The problem: After locating the line with "Convert formula to" in the data that follows, return it and every later line exactly, up to and including the line with "Could you give".

Records provided:
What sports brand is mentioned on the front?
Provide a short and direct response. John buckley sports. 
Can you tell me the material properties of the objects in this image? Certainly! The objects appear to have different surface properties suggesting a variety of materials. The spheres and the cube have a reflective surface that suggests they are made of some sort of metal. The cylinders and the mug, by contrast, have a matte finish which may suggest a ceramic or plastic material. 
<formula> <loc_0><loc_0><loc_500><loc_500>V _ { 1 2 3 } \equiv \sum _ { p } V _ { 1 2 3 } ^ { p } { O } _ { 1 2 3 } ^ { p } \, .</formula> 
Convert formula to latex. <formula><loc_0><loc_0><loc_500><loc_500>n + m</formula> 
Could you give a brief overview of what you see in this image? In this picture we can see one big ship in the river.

---

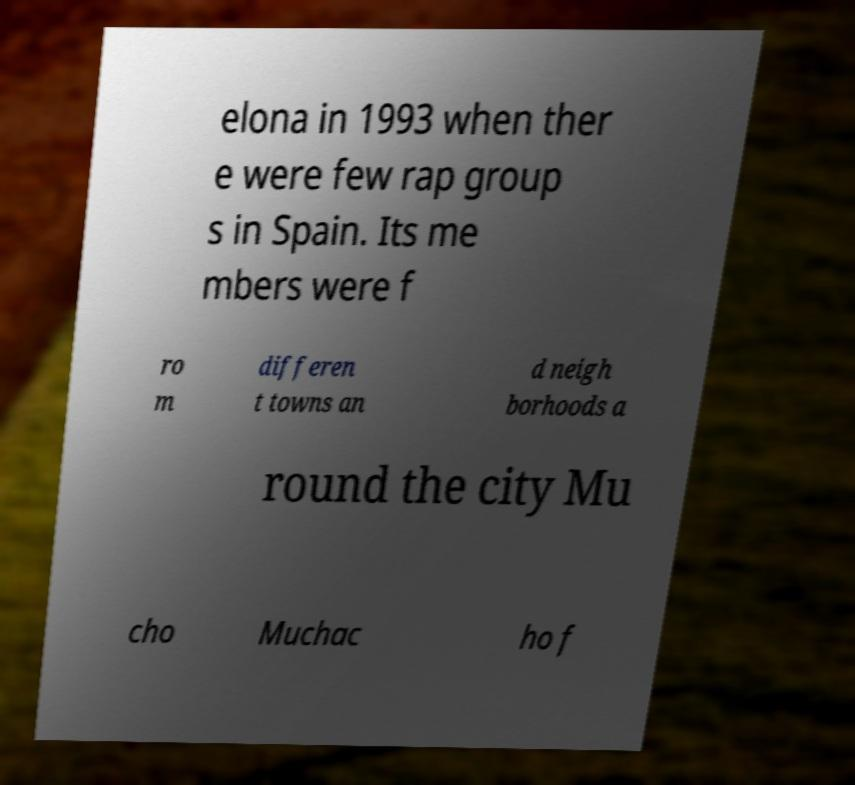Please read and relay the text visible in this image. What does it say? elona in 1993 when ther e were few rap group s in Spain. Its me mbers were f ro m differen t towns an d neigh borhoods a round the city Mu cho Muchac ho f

Task response:
Convert formula to latex. <formula><loc_0><loc_0><loc_500><loc_500>n + m</formula> 
Could you give a brief overview of what you see in this image? In this picture we can see one big ship in the river.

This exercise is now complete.